Generation of continuous and sparse space filling toolpath with tailored density for additive manufacturing of biomimetics

A method of generating a continuous toolpath that can be biased in a user-specified direction of travel is proposed for the fabrication of density-based functionally graded parts through Additive Manufacturing (AM). The methodology utilizes Lin Kernighan's (LK) Travelling Salesman Problem (TSP) solver over a digitized grid within the contour domain to generate a toolpath with minimal lifts and a common start and end point. Three force-based methods of digitization, namely rectangular, circular, and contour adaptive, are proposed in this work. Each of these methods initialize from a structured or an unstructured grid, where the grid points are assumed to be connected with either linear (rectangular digitization) or a combination of linear and torsional springs (circular and contour adaptive digitization). Enforcing an equilibrium amongst the spring forces and appropriately selecting the ideal spring length, the necessary configuration of grid points can be generated for a desired toolpath.

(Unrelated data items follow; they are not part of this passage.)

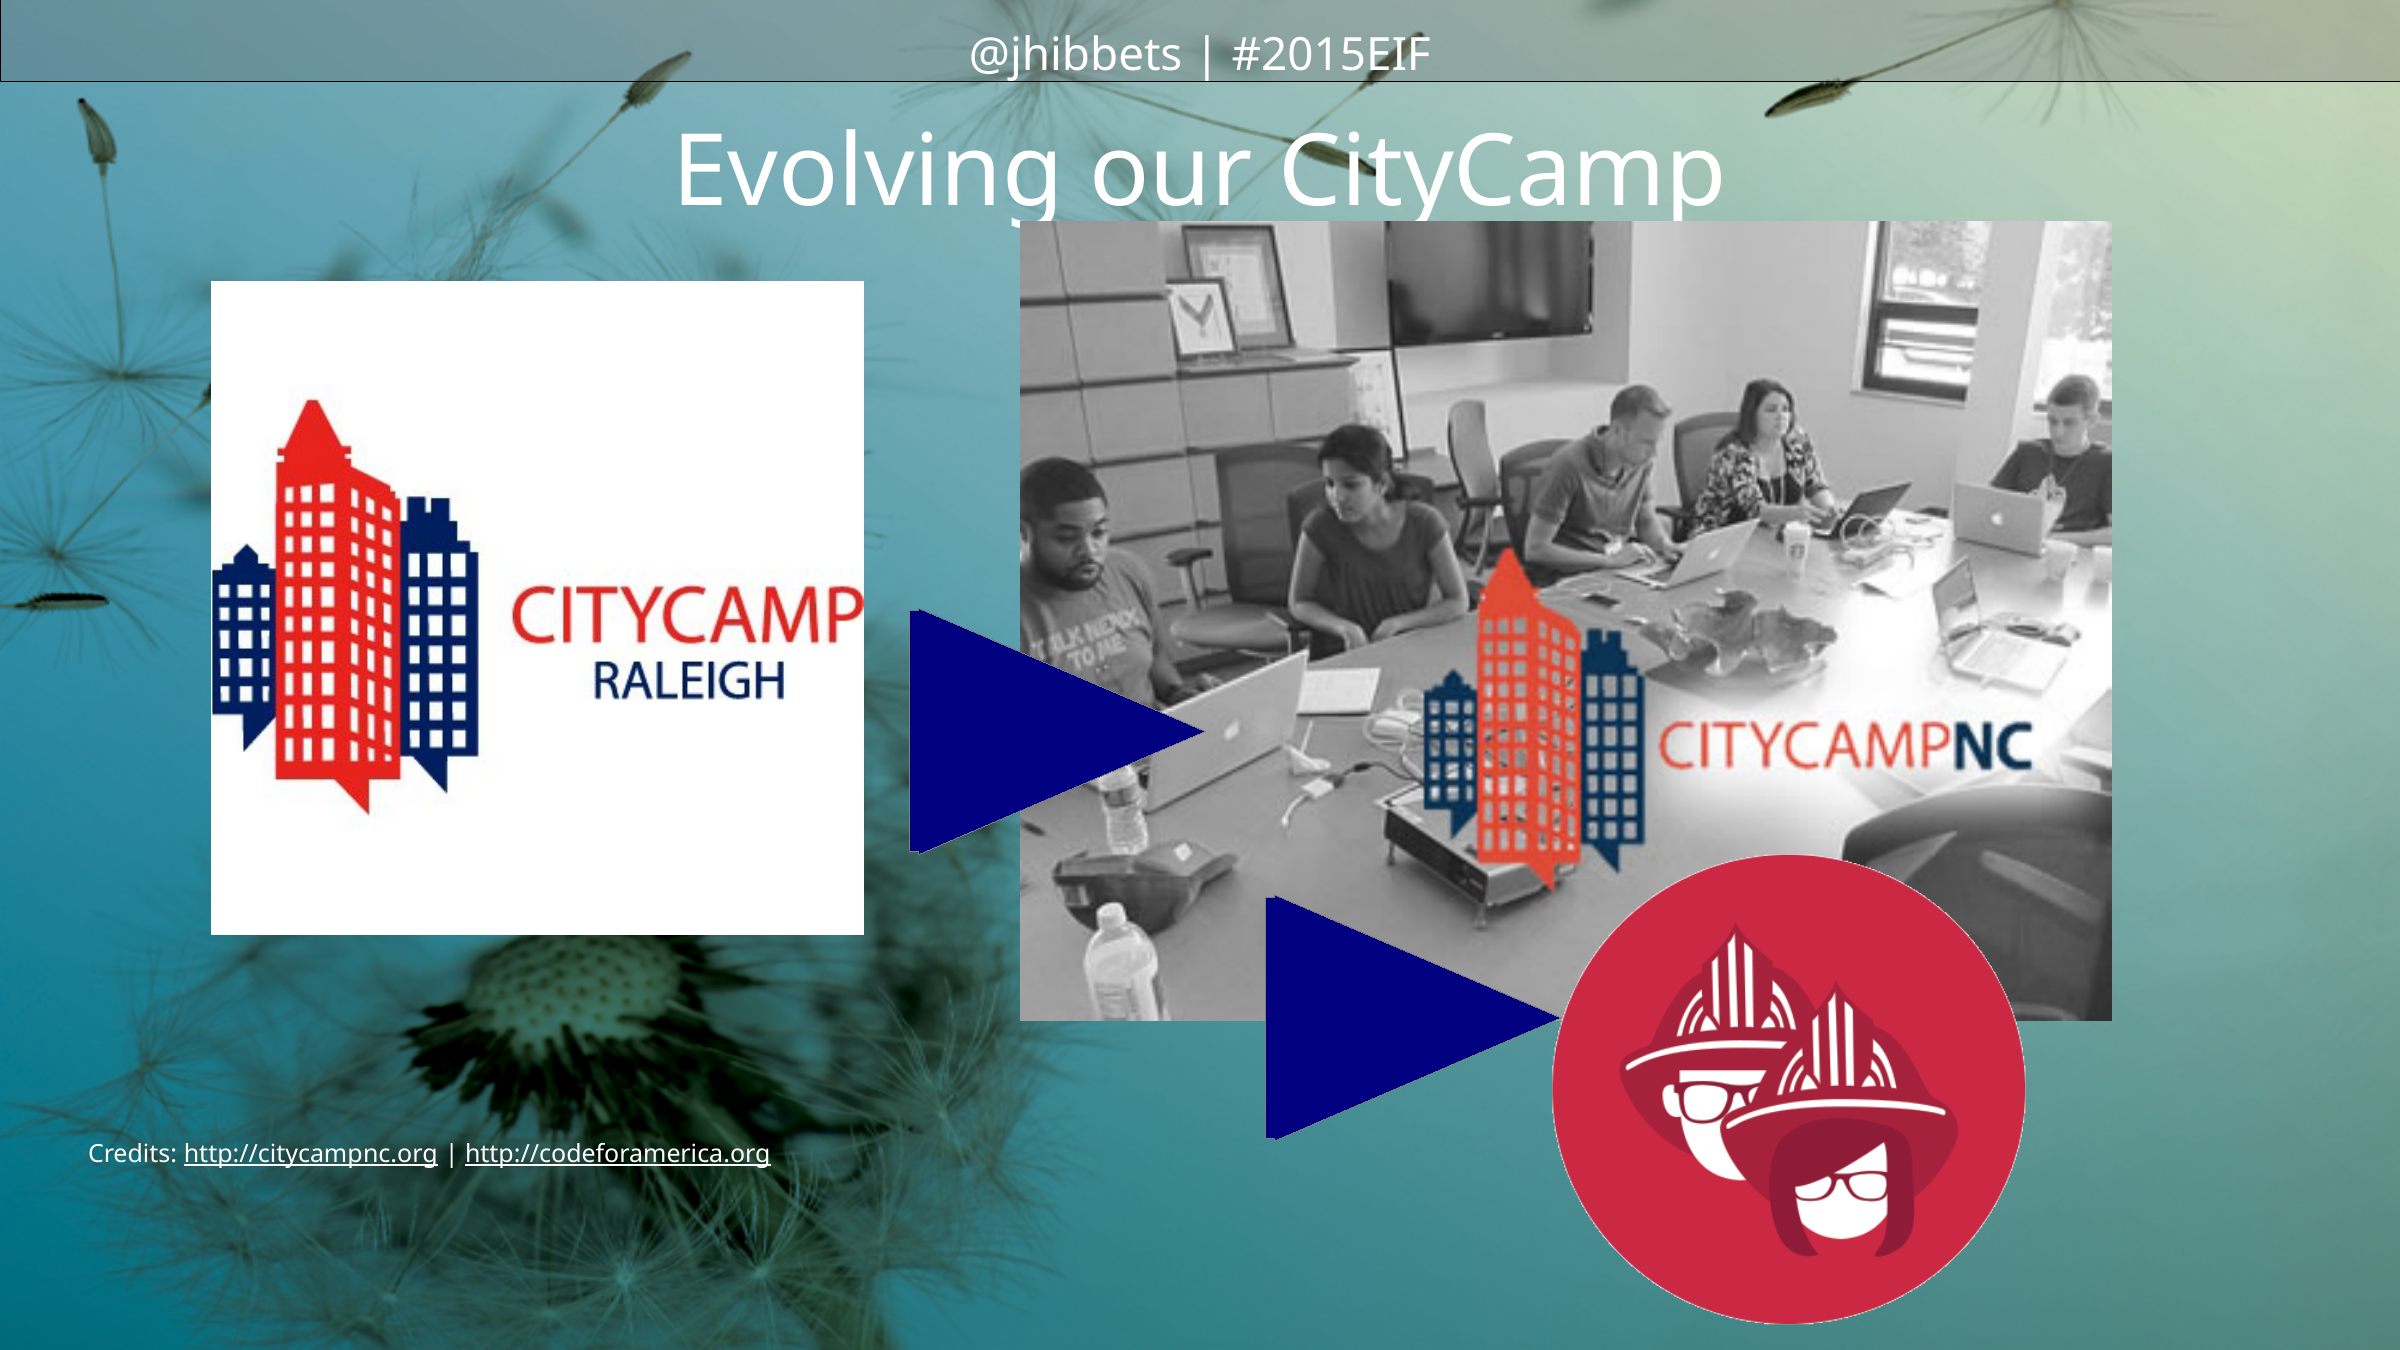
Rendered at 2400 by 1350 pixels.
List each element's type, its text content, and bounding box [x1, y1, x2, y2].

title Evolving our CityCamp [120, 53, 2281, 280]
text_box Credits: http://citycampnc.org | http://codeforamerica.org [73, 1129, 1173, 1183]
text_box [1265, 894, 1561, 1141]
picture [0, 82, 2400, 1350]
text_box [909, 608, 1206, 855]
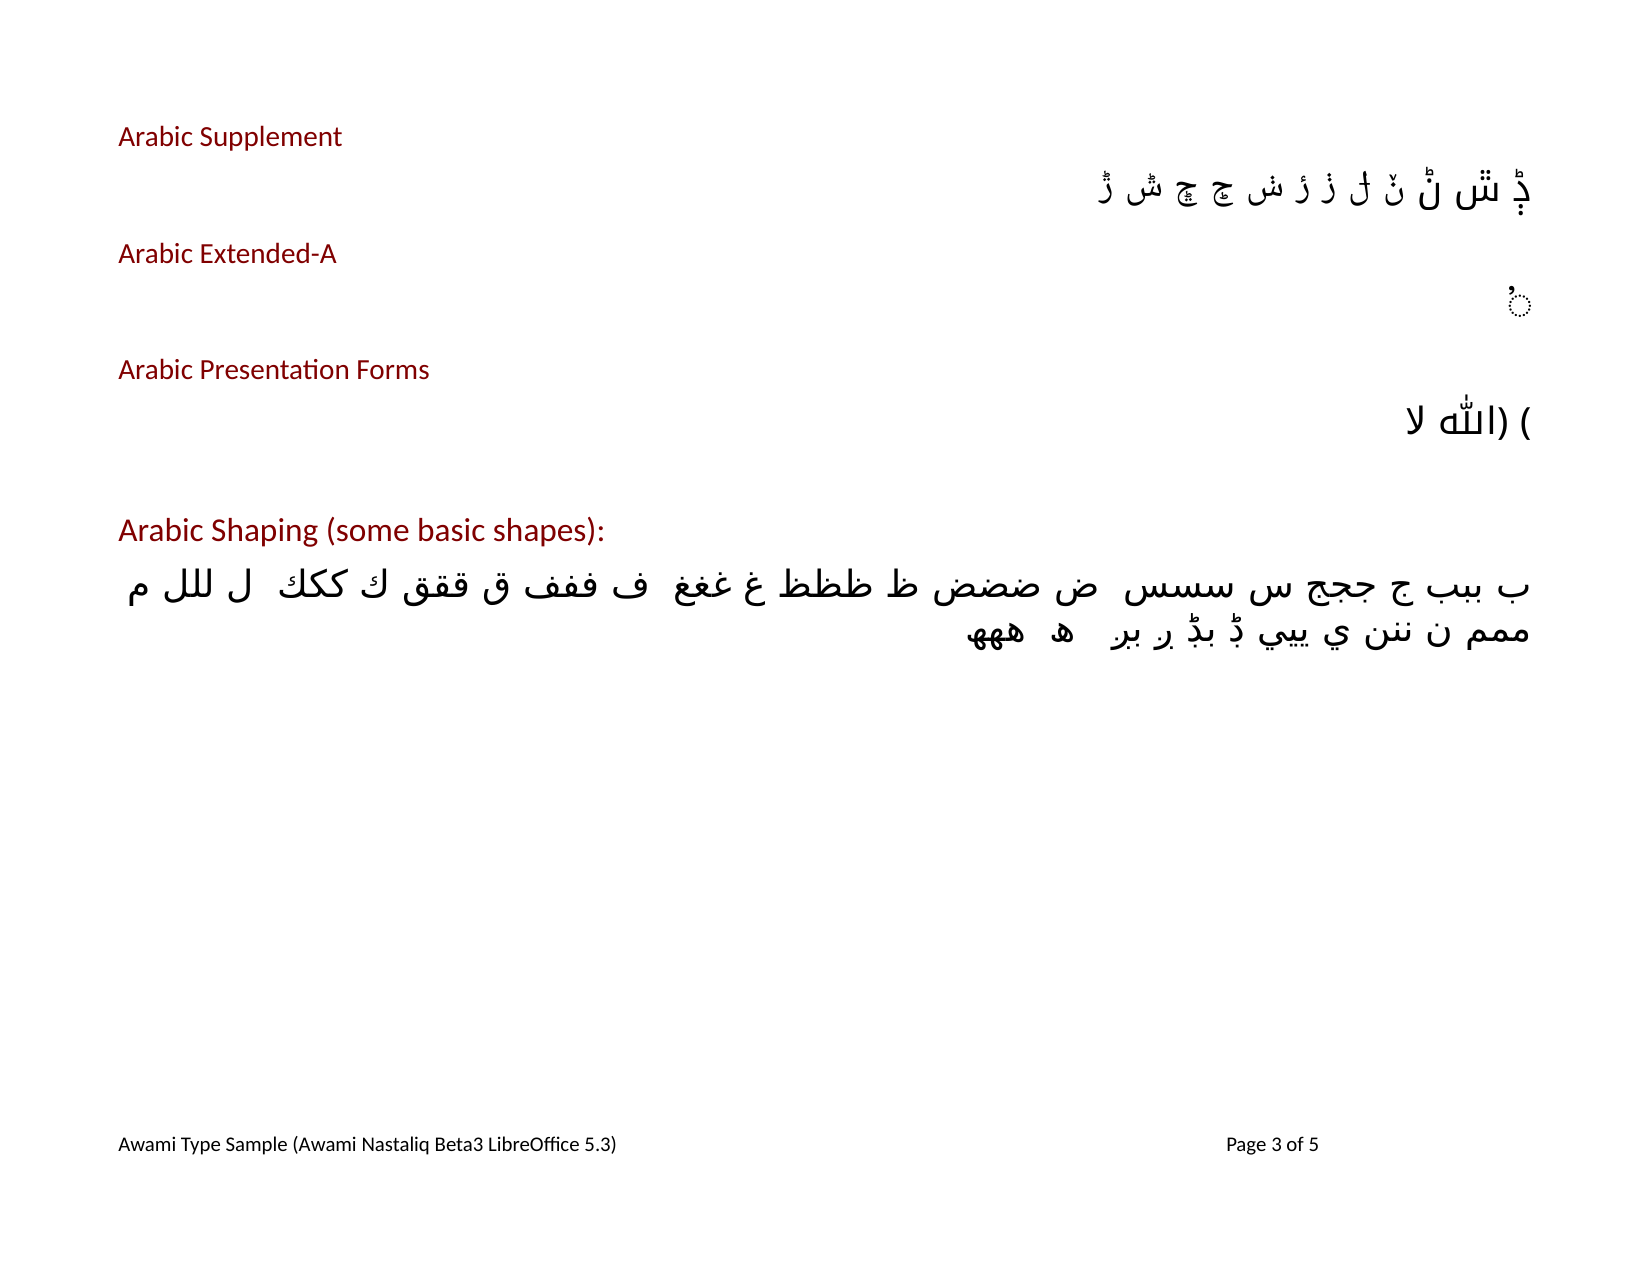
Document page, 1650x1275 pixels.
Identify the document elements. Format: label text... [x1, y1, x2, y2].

The density of grid points (consequently, part density) can be varied through the user-defined input function or an image-based density map imposed on the ideal spring length over the contour domain. The proposed toolpath, as a case study, was implemented for printing a bone with density prescribed through a CT scan image stack. The CT scan of the printed part qualitatively establishes the conformity of the toolpath to the user-specified density gradient.